The entire thrust of ACAP seems to be to control the way in which newspaper or publisher content is indexed and displayed by search engines, in an attempt to strictly define the commercial parameters of that relationship. On the ACAP site I didn't see anything that explained to me why this would currently be a good thing for end users. It seems like a weak electronic online DRM - with the vague promise that in the future more 'stuff' will be published, precisely because you can do less with it.

Take for example the idea that publishers can direct what type of excerpt from an article can be displayed in search results, and how long that excerpt should be.

Well, most search engines now display an excerpt that is context sensitive. If the user has been searching for images, or the result is a video clip, they get SERPS with images and clip thumbnails in them. Mostly, though, they get a text snippet that includes the words they searched for. This helps a user judge whether a link is worth clicking or not.

What ACAP suggests is that it is up to the publisher whether a search enigne can display a contextual snippet or not - meaning a potentially inconsistent user experience within the search engine results for the end user. If their search results include an ACAP-enabled site that requires a specific excerpt, and their keywords fall outside that excerpt, they will not see the words highlighted in context on that one result.

ACAP could also be potentially restrictive on the development of search user experience design. The ACAP dictionary allows for the presentation of 'Content item thumbnail' or 'Publisher thumbnail'. The spec also appears to cater for specifying on a <div> by <div> or HTML element basis what search engines can index and display - by hijacking the class attribute in the HTML specification.

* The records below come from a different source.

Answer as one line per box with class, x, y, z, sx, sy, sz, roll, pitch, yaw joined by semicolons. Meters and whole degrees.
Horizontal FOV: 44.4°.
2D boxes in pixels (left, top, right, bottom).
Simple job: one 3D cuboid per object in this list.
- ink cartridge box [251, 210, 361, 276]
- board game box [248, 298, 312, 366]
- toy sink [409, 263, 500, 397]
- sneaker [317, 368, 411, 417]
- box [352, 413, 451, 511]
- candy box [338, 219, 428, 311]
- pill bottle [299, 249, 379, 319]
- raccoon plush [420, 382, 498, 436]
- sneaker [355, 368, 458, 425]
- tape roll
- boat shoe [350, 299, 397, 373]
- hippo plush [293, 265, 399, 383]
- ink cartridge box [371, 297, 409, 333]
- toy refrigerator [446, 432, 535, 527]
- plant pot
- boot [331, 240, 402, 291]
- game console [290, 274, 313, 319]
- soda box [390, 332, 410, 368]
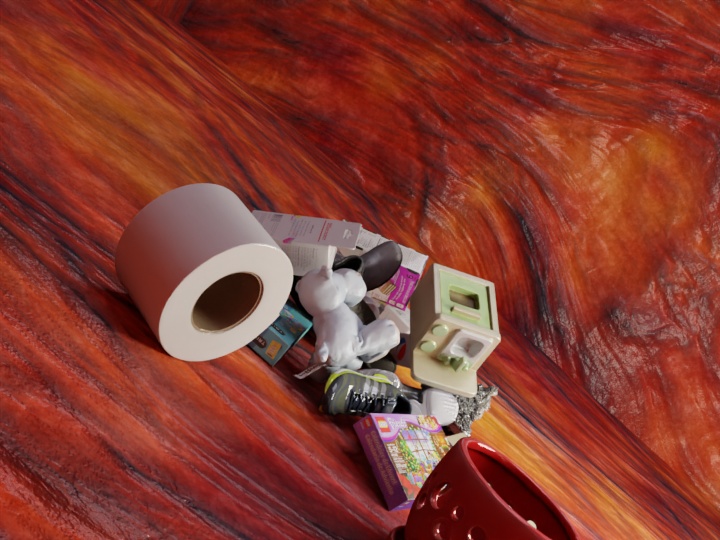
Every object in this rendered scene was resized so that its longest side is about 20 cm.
ink cartridge box;-0.104;-0.044;1.539;0.199;0.068;0.115;7;27;4
board game box;-0.165;0.071;1.461;0.151;0.047;0.200;41;12;2
toy sink;0.168;0.103;1.576;0.130;0.112;0.200;19;43;-14
sneaker;0.011;0.201;1.385;0.081;0.074;0.200;23;11;36
box;0.082;0.286;1.333;0.200;0.039;0.137;15;44;-55
candy box;0.029;-0.009;1.876;0.199;0.137;0.061;24;50;4
pill bottle;-0.049;0.042;1.764;0.116;0.116;0.200;28;17;-46
raccoon plush;0.194;0.227;1.656;0.097;0.134;0.200;27;-30;29
sneaker;0.065;0.229;1.546;0.199;0.076;0.114;16;-16;-4
tape roll;-0.210;0.003;1.188;0.139;0.203;0.203;47;14;32
boat shoe;-0.002;0.121;1.653;0.068;0.072;0.200;36;-26;57
hippo plush;-0.053;0.082;1.423;0.200;0.159;0.161;-11;70;-40
ink cartridge box;0.046;0.087;1.981;0.200;0.068;0.115;45;13;21
toy refrigerator;0.204;0.369;1.467;0.200;0.070;0.076;45;19;24
plant pot;0.144;0.338;1.098;0.200;0.183;0.200;38;12;-10
boot;0.000;0.000;1.619;0.070;0.200;0.132;49;-12;13
game console;-0.100;0.048;1.604;0.200;0.031;0.177;44;-15;51
soda box;0.097;0.156;1.710;0.068;0.064;0.200;11;-3;-21

How does that apply to Snap's full page preview? I didn't see anything in the specification that addressed, for example, whether it would be OK for Snap to reproduce whole visual page snapshots when delivering search results. Is a thumbnail preview of a page automatically forbidden unless specified otherwise? If a publisher incuded content that crawlers were denied access to by using an embedded HTML tag, does that consequently prohibit Snap from previewing the whole page?

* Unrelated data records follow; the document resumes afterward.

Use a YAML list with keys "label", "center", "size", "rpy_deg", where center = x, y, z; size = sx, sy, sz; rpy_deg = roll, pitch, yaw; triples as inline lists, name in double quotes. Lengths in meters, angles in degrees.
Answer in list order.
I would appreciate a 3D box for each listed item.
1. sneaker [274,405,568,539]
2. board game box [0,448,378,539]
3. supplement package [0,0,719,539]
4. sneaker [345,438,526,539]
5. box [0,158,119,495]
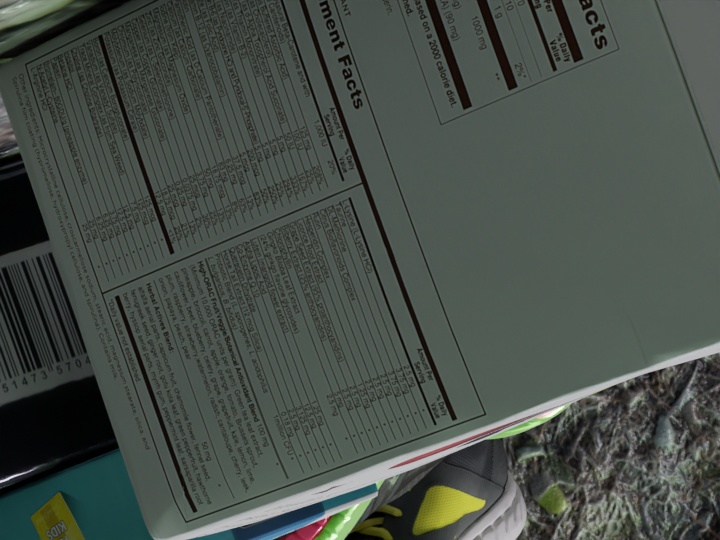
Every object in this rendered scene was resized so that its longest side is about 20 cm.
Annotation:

The thinking behind ACAP seems to have been solely focussed on influencing the existing interface of Google, Yahoo! and news aggregators, without considering the impact on users of other, more visual, search engines on the market, or the potential for future user-experience developments.

It isn't technically sound

When I say technically sound, I don't mean it will actually break things, but it doesn't appear to have a technically robust background to it.

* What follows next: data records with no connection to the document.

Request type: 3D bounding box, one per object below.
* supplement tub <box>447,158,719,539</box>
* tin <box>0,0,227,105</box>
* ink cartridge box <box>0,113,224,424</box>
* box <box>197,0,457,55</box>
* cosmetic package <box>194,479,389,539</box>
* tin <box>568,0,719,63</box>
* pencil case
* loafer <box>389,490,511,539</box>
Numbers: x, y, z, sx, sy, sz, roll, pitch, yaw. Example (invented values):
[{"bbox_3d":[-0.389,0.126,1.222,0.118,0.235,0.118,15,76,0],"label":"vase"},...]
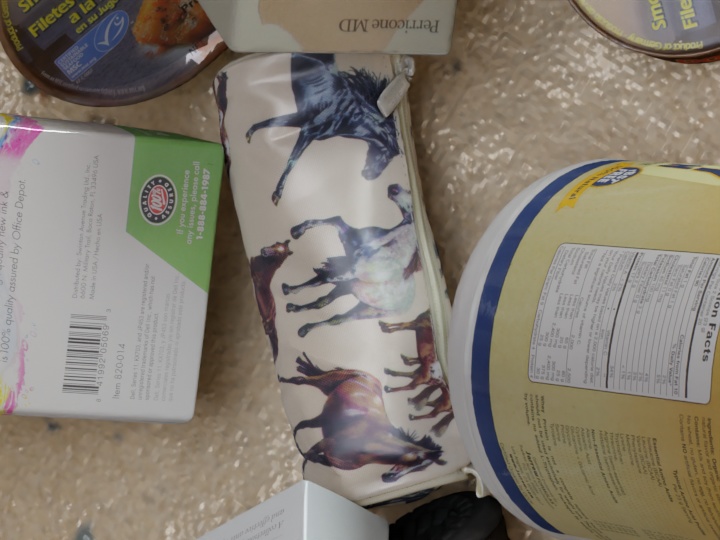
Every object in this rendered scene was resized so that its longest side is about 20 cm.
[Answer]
[{"bbox_3d":[0.143,0.036,0.937,0.199,0.144,0.146,6,88,49],"label":"supplement tub"},{"bbox_3d":[-0.065,-0.152,1.067,0.200,0.112,0.042,-39,46,2],"label":"tin"},{"bbox_3d":[-0.163,-0.005,1.067,0.198,0.067,0.118,5,96,-22],"label":"ink cartridge box"},{"bbox_3d":[-0.005,-0.186,0.990,0.094,0.078,0.201,-2,116,-16],"label":"box"},{"bbox_3d":[-0.073,0.189,1.028,0.199,0.051,0.152,-32,45,36],"label":"cosmetic package"},{"bbox_3d":[0.118,-0.179,1.055,0.111,0.042,0.202,-16,80,15],"label":"tin"},{"bbox_3d":[0.000,0.000,1.065,0.089,0.078,0.202,-21,78,38],"label":"pencil case"},{"bbox_3d":[0.003,0.175,1.065,0.071,0.073,0.200,36,102,-9],"label":"loafer"}]

Well, I say it won't actually break things, but the technical framework document itself admits that the specification includes:

"extensions for which there are possible security vulnerability or other issues in their implementation on the web crawler side, such as creating possible new opportunities for cloaking or Denial of Service attack."

I've no doubt that there has been technical input into the specification. It certainly doesn't seem, though, to have been open to the round-robin peer review that the wider Internet community would expect if you were introducing a major new protocol you effectively intended to replace robots.txt. ACAP attempts to redefine the relationship between all content publishers and all search engines - by default we are all affected. On November 29th this site, and the scripts that power Chipwrapper, by default became ACAP non-compliant.

The vast majority of technical standards on the web are published in HTML, with plenty of named anchors. The technical framework document for ACAP itself is a PDF document, which makes it impossible to link or reference sub-sections of the document. Amusingly, it also makes it harder for search engines to index the content.

Furthermore, in order to read it, it requires a user to have plug-ins installed to their browser. The PDF format isn't without accessibility issues unless correctly structured - although as I've recently seen, accessibility doesn't seem to be something that the newspaper industry is overly bothered about online.

Finally, this seems to me to be a case of protocol wheel-reinvention. I don't yet see anything at a page indexing level in the ACAP protocol that couldn't be achieved by the proper implementation of the existing robots.txt protocol, along with issuing the correct cache and response code headers with pages.

If you want content indexed or not indexed, robots.txt caters for that. You can instruct search engines on caching through META tags and HTML header responses. If you only want search engines to index a small amount of your content, then you can already publish that in a crawlable place, and link through to the full article specified as 'noindex'.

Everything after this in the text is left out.